((

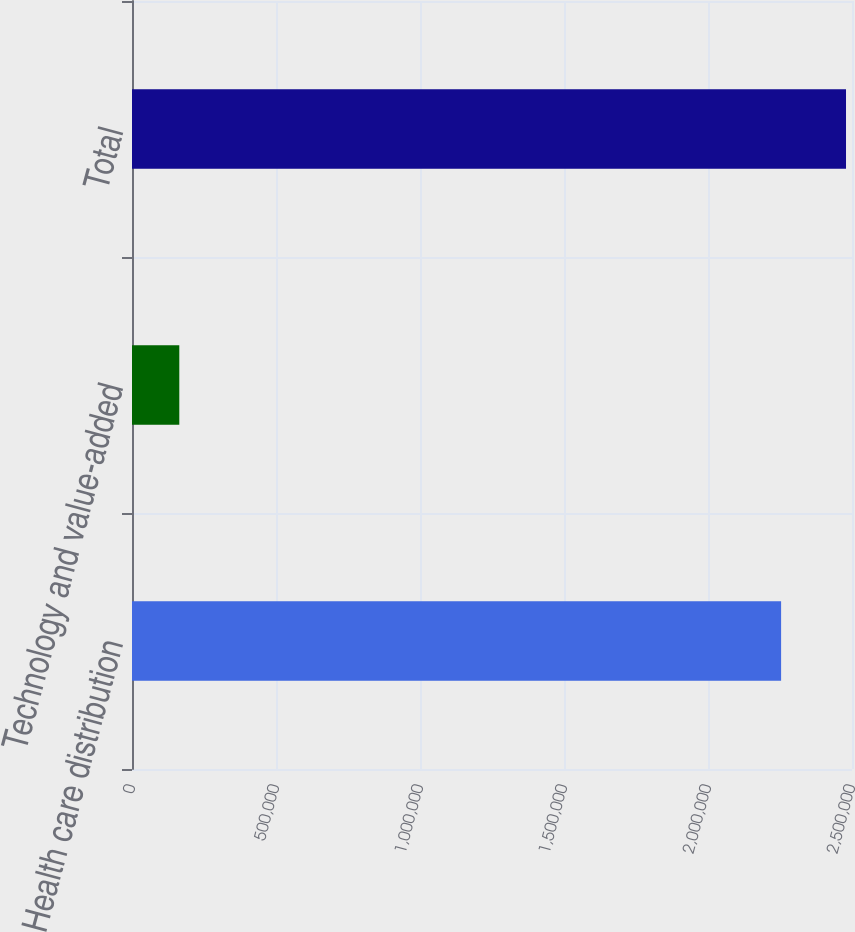<chart> <loc_0><loc_0><loc_500><loc_500><bar_chart><fcel>Health care distribution<fcel>Technology and value-added<fcel>Total<nl><fcel>2.25381e+06<fcel>164241<fcel>2.4792e+06<nl></chart> 
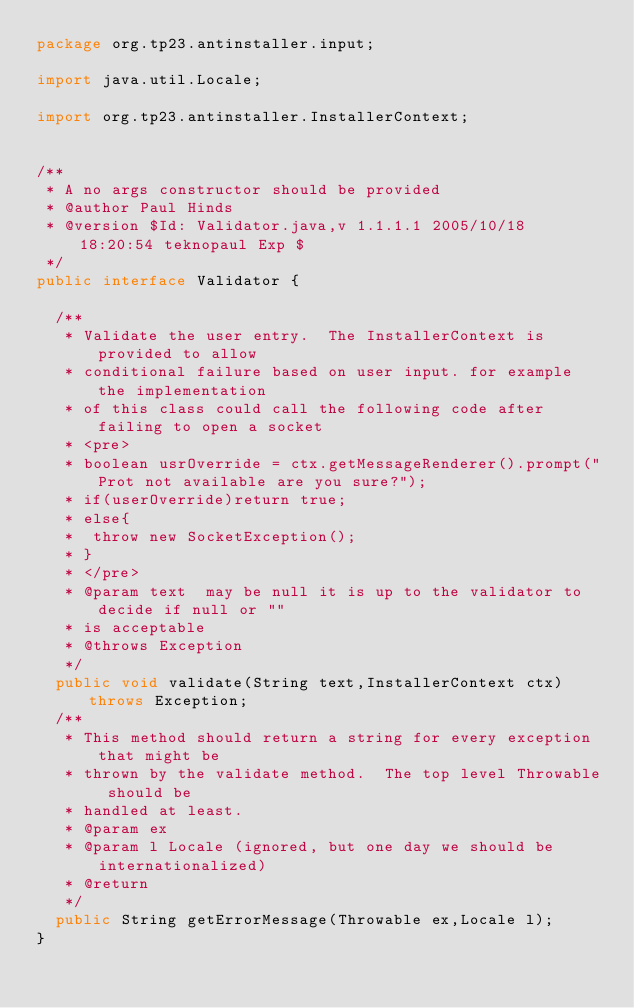<code> <loc_0><loc_0><loc_500><loc_500><_Java_>package org.tp23.antinstaller.input;

import java.util.Locale;

import org.tp23.antinstaller.InstallerContext;


/**
 * A no args constructor should be provided
 * @author Paul Hinds
 * @version $Id: Validator.java,v 1.1.1.1 2005/10/18 18:20:54 teknopaul Exp $
 */
public interface Validator {

	/**
	 * Validate the user entry.  The InstallerContext is provided to allow
	 * conditional failure based on user input. for example the implementation
	 * of this class could call the following code after failing to open a socket
	 * <pre>
	 * boolean usrOverride = ctx.getMessageRenderer().prompt("Prot not available are you sure?");
	 * if(userOverride)return true;
	 * else{
	 * 	throw new SocketException();
	 * }
	 * </pre>
	 * @param text  may be null it is up to the validator to decide if null or ""
	 * is acceptable
	 * @throws Exception
	 */
	public void validate(String text,InstallerContext ctx)throws Exception;
	/**
	 * This method should return a string for every exception that might be 
	 * thrown by the validate method.  The top level Throwable should be 
	 * handled at least.  
	 * @param ex
	 * @param l Locale (ignored, but one day we should be internationalized)
	 * @return
	 */
	public String getErrorMessage(Throwable ex,Locale l);
}
</code>

))

Work request: Above are the records; copy every one of them exactly and omit the images.

Answer space:
<chart> <loc_0><loc_0><loc_500><loc_500><bar_chart><fcel>Health care distribution<fcel>Technology and value-added<fcel>Total<nl><fcel>2.25381e+06<fcel>164241<fcel>2.4792e+06<nl></chart> 
<code> <loc_0><loc_0><loc_500><loc_500><_Java_>package org.tp23.antinstaller.input;

import java.util.Locale;

import org.tp23.antinstaller.InstallerContext;


/**
 * A no args constructor should be provided
 * @author Paul Hinds
 * @version $Id: Validator.java,v 1.1.1.1 2005/10/18 18:20:54 teknopaul Exp $
 */
public interface Validator {

	/**
	 * Validate the user entry.  The InstallerContext is provided to allow
	 * conditional failure based on user input. for example the implementation
	 * of this class could call the following code after failing to open a socket
	 * <pre>
	 * boolean usrOverride = ctx.getMessageRenderer().prompt("Prot not available are you sure?");
	 * if(userOverride)return true;
	 * else{
	 * 	throw new SocketException();
	 * }
	 * </pre>
	 * @param text  may be null it is up to the validator to decide if null or ""
	 * is acceptable
	 * @throws Exception
	 */
	public void validate(String text,InstallerContext ctx)throws Exception;
	/**
	 * This method should return a string for every exception that might be 
	 * thrown by the validate method.  The top level Throwable should be 
	 * handled at least.  
	 * @param ex
	 * @param l Locale (ignored, but one day we should be internationalized)
	 * @return
	 */
	public String getErrorMessage(Throwable ex,Locale l);
}
</code>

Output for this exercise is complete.